American football player (born 1993)

Scott Orndoff (born December 16, 1993) is an American former football tight end. He played college football at Pittsburgh.

==College career==
In his career at Pittsburgh, Orndoff had 58 receptions for 897 yards with 13 touchdowns.

==Professional career==
===Pittsburgh Steelers===
Orndoff signed with the Pittsburgh Steelers as an undrafted free agent on May 1, 2017. He was waived by the Steelers on August 2, 2017.

===Detroit Lions===
On August 21, 2017, Orndoff signed with the Detroit Lions. He was waived on September 2, 2017.

===Cincinnati Bengals===
On October 16, 2017, Orndoff was signed to the Cincinnati Bengals' practice squad. He was released on November 7, 2017 but was re-signed two days later. He signed a reserve/future contract with the Bengals on January 1, 2018. He was waived on May 14, 2018.

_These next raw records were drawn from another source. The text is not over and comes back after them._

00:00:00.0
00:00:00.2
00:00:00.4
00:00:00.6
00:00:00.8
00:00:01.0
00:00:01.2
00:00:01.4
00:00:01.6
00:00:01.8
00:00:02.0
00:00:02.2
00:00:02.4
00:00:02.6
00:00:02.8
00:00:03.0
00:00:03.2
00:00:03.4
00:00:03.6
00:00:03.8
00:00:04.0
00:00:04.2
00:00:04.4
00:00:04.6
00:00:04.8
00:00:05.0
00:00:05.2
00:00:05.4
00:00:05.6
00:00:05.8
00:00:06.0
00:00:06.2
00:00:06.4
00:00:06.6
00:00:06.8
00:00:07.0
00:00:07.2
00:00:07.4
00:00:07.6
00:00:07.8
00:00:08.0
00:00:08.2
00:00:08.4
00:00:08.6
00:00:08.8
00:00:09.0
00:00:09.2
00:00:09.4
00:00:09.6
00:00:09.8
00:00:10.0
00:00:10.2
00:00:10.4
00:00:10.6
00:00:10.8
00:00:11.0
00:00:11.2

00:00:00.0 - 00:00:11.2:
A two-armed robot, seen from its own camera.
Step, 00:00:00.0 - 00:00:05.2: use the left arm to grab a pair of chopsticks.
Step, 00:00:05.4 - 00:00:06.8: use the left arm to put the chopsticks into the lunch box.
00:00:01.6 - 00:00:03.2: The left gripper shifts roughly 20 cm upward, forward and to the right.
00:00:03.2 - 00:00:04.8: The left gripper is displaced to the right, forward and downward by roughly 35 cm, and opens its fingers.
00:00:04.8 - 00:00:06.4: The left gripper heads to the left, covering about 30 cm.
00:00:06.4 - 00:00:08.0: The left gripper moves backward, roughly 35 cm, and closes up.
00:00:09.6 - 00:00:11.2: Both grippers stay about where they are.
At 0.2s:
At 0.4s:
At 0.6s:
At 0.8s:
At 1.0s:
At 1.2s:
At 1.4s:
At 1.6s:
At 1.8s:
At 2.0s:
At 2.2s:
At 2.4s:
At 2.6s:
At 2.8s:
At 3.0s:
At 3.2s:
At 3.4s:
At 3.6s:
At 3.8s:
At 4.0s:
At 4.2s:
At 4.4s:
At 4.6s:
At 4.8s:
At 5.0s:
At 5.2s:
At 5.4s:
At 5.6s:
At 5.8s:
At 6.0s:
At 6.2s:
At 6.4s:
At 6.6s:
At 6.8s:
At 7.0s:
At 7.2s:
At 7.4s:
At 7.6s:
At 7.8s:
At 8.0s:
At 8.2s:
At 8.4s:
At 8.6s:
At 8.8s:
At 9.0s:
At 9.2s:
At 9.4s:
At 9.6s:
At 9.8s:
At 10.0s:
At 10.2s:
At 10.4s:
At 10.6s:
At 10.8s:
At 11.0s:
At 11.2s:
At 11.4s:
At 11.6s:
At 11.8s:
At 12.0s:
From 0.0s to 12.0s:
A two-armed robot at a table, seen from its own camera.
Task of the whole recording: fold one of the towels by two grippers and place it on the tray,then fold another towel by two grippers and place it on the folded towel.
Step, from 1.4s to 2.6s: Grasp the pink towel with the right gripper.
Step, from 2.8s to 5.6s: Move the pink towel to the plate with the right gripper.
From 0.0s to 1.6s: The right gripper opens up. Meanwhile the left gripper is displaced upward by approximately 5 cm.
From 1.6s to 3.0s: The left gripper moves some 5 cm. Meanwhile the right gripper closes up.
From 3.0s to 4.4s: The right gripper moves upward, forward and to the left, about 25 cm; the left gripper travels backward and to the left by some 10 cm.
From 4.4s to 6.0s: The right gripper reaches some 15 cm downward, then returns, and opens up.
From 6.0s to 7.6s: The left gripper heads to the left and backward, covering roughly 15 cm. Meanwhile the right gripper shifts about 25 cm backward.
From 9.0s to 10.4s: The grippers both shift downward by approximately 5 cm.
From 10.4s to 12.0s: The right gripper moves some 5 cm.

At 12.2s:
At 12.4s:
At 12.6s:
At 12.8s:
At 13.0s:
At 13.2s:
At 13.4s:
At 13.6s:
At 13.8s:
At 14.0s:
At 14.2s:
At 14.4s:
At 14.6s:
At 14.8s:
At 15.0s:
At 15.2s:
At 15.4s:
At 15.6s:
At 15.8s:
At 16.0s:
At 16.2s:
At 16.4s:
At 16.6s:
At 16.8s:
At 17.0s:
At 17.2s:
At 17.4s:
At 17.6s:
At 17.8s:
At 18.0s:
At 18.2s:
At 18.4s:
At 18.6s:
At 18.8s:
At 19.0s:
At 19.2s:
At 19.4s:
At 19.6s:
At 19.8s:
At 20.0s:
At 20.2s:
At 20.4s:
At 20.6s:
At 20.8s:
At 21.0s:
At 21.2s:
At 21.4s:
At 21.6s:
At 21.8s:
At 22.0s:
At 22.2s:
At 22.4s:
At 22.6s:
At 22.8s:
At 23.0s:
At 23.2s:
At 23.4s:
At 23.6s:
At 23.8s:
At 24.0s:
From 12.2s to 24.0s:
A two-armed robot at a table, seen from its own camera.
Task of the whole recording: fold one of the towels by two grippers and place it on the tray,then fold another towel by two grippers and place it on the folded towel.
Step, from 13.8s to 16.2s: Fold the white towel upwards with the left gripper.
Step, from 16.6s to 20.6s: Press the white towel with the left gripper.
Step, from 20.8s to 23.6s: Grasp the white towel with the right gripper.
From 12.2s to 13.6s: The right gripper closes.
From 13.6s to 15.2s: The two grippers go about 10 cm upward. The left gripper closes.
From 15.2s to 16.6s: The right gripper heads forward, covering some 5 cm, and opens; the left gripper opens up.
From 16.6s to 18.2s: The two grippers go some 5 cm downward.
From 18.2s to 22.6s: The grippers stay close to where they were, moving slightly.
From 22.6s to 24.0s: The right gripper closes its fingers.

===Jacksonville Jaguars===
On May 30, 2018, Orndoff signed with the Jacksonville Jaguars. He was waived on September 1, 2018.

===Orlando Apollos===
In 2018, Orndoff signed with the Orlando Apollos for the 2019 season.

===Tampa Bay Buccaneers===
On July 31, 2019, Orndoff was signed by the Tampa Bay Buccaneers. He was waived during final roster cuts on August 30, 2019.

===Philadelphia Eagles===
Orndoff was signed to the Philadelphia Eagles' practice squad on October 28, 2019. He was released on November 12, 2019, but re-signed the next day. He was released on December 16.